▸ YOUR ASSIGNMENT
Transcribe only what runs from the line containing "Given the image, return" through the final line below, exactly, and leave every picture out.

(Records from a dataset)
======

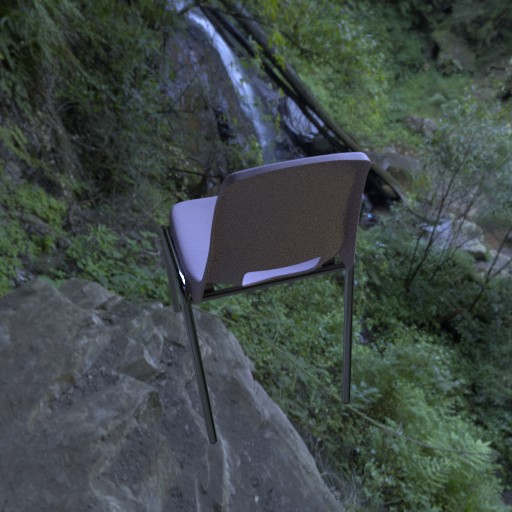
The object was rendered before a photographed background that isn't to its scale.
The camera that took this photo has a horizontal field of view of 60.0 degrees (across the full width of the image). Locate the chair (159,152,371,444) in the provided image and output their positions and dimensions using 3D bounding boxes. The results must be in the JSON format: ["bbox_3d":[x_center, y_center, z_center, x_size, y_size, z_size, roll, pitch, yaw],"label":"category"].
[{"bbox_3d":[0.000,0.000,0.970,0.381,0.704,0.436,-12,44,-13],"label":"chair"}]
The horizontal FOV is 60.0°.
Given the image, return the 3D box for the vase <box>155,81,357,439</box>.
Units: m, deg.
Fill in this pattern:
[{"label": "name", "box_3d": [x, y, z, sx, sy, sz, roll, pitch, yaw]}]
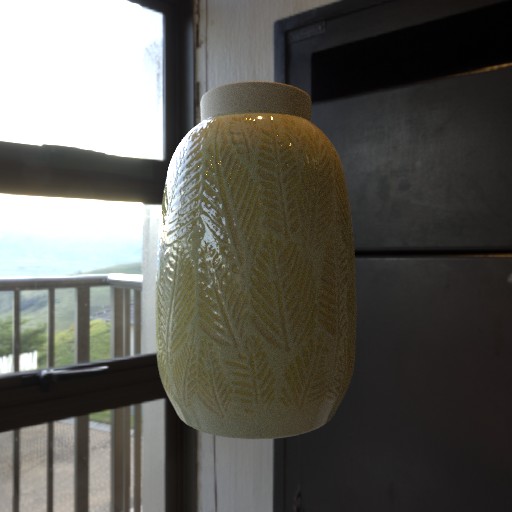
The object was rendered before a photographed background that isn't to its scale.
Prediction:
[{"label": "vase", "box_3d": [0.000, 0.000, 0.389, 0.172, 0.270, 0.172, 0, 0, 0]}]

======

▸ WRITTEN ANSWER
Given the image, return the 3D box for the vase <box>155,81,357,439</box>.
Units: m, deg.
Fill in this pattern:
[{"label": "name", "box_3d": [x, y, z, sx, sy, sz, roll, pitch, yaw]}]
The object was rendered before a photographed background that isn't to its scale.
Prediction:
[{"label": "vase", "box_3d": [0.000, 0.000, 0.389, 0.172, 0.270, 0.172, 0, 0, 0]}]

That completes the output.